Tytuł: Dylematy procesów oczyszczania
Wiadomość wysłana przez: Mikkanen 20-03-2018, 12:14
Chciałbym opisać swój przypadek i przy okazji dopytać się. Pierwsze moje spostrzeżenie jest takie, że to działa, tylko trzeba cierpliwie czekać na efekty. Z Biosłone jestem od czerwca. Cały czas MO+KB(raz dziennie) + DP + napar na drogi moczowe + zakraplanie. Przez ten cały czas nic spektakularnego się nie działo, ot jakieś osłabienia, wypryski, czy duże zbieranie się śliny i odpluwanie taką białą pianą. Napar na drogi moczowe nie powodował żadnej reakcji, przeszedłem 4 sesje, zakraplanie też bez widocznych efektów, szczypie, ale poza tym nic. I tak minęło 9 miesięcy.
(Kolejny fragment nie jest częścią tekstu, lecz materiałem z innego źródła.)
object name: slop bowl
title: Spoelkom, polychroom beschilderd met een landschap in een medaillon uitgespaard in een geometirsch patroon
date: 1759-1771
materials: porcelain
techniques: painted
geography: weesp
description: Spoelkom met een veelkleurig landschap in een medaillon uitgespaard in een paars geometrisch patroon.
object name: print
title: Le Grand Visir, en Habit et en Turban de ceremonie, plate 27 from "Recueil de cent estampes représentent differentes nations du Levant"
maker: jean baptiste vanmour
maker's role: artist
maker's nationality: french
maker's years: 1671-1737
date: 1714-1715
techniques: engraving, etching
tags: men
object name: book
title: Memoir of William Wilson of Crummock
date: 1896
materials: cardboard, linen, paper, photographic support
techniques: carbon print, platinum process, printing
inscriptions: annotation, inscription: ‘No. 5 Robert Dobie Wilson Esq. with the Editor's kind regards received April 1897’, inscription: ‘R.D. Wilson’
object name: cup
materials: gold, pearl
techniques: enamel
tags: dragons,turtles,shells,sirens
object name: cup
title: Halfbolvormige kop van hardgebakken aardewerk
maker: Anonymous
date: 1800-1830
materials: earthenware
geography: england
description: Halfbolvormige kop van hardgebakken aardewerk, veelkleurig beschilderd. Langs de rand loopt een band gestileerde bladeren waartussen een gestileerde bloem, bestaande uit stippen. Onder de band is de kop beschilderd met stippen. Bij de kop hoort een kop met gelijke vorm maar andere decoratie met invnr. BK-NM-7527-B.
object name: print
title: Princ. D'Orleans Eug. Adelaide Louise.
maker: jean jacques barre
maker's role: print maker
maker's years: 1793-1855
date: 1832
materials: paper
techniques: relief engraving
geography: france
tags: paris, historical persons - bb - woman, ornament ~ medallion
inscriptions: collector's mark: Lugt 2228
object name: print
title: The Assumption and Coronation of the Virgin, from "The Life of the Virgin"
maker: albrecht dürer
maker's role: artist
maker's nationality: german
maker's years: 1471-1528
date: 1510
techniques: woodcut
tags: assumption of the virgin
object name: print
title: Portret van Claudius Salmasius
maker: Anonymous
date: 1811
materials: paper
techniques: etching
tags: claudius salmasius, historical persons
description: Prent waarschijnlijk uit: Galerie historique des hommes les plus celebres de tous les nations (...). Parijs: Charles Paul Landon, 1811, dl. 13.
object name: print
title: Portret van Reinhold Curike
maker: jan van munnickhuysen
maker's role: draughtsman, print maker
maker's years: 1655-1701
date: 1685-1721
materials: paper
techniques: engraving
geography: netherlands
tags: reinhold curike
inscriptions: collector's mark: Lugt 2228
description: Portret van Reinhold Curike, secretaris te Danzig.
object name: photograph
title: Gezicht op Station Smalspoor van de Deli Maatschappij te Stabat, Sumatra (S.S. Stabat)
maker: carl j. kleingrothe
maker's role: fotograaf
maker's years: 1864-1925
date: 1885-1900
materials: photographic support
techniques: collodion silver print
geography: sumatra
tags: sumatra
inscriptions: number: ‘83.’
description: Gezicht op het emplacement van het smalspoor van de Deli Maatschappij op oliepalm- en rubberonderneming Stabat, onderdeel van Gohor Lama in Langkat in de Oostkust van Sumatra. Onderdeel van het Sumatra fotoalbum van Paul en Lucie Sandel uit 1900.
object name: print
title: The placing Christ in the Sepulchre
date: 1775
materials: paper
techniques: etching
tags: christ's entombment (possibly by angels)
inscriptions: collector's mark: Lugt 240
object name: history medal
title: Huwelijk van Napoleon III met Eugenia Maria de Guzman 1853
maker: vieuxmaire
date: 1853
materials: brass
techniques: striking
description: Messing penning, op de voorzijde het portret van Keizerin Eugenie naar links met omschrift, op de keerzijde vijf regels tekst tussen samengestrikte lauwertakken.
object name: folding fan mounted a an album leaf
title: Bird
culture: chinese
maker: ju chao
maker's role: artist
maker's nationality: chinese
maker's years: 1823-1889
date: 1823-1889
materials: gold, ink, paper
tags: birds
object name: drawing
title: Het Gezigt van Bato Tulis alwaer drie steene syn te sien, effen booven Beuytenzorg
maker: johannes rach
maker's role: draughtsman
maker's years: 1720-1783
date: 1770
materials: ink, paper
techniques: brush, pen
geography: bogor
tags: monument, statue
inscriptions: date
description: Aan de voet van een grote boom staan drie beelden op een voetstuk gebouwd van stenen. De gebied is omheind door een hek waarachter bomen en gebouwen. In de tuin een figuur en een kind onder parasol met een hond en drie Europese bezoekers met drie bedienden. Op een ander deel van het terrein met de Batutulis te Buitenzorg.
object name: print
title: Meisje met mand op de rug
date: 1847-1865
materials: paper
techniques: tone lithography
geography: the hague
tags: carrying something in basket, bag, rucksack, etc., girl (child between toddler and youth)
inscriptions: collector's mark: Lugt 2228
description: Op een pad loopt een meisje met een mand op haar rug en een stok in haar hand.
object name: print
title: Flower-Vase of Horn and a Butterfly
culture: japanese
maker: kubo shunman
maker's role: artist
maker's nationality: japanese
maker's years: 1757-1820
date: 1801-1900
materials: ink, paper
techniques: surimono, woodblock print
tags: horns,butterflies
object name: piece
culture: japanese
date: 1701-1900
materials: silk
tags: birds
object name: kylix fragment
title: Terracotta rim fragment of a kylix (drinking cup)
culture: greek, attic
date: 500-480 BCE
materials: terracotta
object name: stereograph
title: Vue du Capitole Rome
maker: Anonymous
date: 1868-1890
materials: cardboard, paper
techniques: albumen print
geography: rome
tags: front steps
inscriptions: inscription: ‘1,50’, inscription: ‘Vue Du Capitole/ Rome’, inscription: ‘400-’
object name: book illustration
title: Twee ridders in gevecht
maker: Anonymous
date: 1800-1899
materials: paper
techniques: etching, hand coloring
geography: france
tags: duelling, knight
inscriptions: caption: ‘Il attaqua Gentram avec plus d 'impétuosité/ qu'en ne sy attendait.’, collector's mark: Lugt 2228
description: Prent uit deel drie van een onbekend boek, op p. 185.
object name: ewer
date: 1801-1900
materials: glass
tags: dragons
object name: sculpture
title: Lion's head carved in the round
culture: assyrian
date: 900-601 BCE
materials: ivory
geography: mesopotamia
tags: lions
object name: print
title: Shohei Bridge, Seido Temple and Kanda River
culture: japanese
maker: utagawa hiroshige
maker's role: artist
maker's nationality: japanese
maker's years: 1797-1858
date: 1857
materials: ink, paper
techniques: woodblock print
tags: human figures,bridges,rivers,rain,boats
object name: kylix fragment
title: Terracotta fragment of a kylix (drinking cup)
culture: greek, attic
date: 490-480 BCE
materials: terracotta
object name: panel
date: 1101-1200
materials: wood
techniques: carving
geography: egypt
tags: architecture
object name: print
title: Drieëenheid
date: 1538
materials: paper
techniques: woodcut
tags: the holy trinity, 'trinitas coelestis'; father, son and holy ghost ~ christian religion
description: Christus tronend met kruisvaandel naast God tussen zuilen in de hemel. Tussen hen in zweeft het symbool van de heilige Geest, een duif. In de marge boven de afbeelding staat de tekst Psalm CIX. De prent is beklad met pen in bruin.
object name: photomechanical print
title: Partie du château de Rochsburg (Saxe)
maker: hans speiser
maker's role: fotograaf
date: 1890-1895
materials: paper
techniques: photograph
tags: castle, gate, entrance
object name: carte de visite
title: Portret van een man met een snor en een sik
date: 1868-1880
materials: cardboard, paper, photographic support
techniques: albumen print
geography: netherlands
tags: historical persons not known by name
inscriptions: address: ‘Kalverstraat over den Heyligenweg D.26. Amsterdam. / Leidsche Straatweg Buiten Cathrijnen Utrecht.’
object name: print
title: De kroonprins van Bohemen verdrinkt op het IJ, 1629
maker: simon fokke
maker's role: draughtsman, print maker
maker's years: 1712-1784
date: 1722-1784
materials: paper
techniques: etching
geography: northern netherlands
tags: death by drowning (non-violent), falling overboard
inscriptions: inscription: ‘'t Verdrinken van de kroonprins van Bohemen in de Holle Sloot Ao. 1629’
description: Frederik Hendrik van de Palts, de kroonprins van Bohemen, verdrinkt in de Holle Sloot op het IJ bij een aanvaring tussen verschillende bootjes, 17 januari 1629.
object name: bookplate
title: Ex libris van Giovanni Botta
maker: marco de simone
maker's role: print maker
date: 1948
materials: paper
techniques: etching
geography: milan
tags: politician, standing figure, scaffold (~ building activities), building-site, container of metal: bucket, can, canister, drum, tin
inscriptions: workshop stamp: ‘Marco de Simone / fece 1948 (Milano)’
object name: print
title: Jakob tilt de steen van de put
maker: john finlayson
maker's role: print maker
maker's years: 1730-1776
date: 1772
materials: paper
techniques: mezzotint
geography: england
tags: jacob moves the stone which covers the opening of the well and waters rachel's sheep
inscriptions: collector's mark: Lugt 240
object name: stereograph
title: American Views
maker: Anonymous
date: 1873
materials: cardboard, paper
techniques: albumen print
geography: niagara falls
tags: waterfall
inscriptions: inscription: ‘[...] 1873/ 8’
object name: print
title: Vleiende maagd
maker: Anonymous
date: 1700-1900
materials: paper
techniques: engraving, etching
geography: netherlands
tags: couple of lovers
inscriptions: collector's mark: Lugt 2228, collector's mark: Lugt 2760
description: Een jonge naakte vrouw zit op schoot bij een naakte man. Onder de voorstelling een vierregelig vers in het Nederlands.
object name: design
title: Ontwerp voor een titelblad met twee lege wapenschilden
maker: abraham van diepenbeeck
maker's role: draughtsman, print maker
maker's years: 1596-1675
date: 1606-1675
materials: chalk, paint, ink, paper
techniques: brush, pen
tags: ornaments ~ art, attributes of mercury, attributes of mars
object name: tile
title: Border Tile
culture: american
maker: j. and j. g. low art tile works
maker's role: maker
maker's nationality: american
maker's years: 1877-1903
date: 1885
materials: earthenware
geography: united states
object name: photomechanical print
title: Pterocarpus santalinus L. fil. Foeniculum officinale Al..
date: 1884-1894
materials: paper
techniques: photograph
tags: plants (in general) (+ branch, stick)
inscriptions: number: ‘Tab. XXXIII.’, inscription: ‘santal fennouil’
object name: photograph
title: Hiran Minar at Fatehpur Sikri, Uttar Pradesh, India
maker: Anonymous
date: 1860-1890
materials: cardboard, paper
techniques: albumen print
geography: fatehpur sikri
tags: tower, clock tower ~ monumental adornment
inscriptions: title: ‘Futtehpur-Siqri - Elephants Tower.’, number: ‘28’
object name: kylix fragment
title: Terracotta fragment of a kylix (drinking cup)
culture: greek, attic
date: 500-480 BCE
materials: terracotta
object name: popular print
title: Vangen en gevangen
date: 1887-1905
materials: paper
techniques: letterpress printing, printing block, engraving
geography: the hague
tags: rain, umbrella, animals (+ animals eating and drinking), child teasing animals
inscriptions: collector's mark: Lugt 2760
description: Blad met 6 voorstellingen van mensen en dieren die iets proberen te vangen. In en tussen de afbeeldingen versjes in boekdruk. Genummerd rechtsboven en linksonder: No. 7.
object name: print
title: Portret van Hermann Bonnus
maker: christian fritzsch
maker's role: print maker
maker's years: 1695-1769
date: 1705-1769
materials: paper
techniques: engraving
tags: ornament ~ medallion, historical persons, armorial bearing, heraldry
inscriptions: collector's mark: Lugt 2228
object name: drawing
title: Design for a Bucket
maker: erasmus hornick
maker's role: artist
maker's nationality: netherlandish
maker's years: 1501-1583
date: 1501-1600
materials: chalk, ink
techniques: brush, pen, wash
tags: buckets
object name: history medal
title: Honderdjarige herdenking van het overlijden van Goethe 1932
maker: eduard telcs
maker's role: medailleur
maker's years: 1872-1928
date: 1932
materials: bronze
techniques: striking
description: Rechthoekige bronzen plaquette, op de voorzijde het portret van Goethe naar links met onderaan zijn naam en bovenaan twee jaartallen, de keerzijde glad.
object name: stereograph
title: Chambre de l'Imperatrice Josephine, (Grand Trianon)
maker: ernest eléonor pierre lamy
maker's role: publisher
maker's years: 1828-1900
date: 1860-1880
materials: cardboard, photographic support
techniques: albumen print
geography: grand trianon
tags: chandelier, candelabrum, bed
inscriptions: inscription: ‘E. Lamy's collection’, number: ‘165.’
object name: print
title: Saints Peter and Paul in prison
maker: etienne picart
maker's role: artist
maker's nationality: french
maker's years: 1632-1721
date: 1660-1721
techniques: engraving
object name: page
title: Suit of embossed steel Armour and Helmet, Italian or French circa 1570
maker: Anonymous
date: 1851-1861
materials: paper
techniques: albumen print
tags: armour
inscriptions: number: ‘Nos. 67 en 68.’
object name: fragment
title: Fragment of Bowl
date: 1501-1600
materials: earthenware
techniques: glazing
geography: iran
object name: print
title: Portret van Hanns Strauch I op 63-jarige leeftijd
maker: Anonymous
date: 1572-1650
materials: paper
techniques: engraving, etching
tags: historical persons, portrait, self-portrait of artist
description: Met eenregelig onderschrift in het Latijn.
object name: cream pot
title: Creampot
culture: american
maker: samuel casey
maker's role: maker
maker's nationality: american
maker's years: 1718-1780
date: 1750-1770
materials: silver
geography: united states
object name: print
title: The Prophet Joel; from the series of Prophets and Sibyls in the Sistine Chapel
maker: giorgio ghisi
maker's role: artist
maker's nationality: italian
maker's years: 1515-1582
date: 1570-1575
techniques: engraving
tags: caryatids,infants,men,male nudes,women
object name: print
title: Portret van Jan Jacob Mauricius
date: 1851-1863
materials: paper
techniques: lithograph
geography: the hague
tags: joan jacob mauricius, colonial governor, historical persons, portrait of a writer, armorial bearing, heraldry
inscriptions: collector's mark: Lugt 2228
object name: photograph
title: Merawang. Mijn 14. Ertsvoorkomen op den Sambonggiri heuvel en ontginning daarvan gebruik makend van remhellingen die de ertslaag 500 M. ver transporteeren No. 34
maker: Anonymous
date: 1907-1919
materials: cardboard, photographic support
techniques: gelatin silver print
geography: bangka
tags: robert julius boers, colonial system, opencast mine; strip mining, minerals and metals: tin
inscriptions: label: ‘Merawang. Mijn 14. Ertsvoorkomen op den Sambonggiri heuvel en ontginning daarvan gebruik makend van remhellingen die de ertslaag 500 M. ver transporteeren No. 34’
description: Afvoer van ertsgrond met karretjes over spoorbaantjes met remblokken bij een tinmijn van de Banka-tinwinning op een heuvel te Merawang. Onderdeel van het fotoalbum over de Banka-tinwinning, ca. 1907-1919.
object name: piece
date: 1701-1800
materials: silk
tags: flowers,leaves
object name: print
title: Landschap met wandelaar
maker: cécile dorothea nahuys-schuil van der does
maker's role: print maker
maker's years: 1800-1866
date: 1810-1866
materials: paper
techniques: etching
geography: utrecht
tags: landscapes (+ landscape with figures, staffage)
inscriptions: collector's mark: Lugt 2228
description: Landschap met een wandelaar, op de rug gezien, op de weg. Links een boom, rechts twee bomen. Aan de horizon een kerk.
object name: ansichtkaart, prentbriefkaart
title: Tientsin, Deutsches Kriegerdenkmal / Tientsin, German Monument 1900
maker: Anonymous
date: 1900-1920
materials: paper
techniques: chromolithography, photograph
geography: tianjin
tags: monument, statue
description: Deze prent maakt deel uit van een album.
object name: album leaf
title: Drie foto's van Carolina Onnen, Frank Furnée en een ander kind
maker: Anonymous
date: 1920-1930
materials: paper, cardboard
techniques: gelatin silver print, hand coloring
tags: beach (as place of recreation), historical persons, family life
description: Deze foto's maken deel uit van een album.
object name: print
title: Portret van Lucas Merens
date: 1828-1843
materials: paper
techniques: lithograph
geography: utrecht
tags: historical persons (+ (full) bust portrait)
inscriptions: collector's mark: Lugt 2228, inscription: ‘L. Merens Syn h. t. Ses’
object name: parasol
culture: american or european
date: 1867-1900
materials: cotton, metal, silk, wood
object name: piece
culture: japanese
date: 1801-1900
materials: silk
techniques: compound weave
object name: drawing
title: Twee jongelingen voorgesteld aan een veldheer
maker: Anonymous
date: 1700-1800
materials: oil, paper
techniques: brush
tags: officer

Pod koniec lutego się zaczęło
1.   Grypa – trwała jakieś 7 dni. Przez pierwsze dni 3-4 dni temperatura ok.38-38,5. Potem coraz mniejsza, po tygodniu byłem zdrowy. Przechorowałem bez leków, luzik. Odstawiłem MO.
2.   Po kolejnych dwóch dniach zachorowałem na anginę. Ropa na gardle, przez pierwsze 4 dni temperatura 39,5-40 stopni, brak apetytu. Potem temperatura spadała, jeszcze do 10 dnia utrzymywał się lekki ból gardła, stany podgorączkowe. Przechorowałem bez antybiotyków, raz tylko przy 40,5 stopniach wziąłem Ibuprom.
3.   Jak zakończyła się angina to zachorowałem na zapalenie pęcherza. Sikanie stało się koszmarem, z bólu robiło mi się ciemno przed oczami, mocz leciał kropelkami, opróżnienie pęcherza trwało 5-7 minut. Przez pierwsze dni biegałem do toalety po 20 razy dziennie. Normalnie to tu upatrywałbym oczyszczania, przez zmianę stanu przewlekłego na ostry, ale w tym całym cyklu zdarzeń to sam nie wiem. Piłem napar na drogi moczowe i nic z tym więcej nie robiłem.
4.   Po dwóch dniach chorowania na pęcherz znów zachorowałem na anginę. I tu już pojawił się problem, ponieważ poprzednie choroby kosztowały mnie 3 tygodnie nieobecności w pracy. Niestety nie mogłem sobie pozwolić na następny tydzień czy 10 dni nieobecności w pracy( to znaczyłoby de facto utratę pracy), aby odchorować bez leków następną anginę( z pęcherzem bym sobie jakoś poradził).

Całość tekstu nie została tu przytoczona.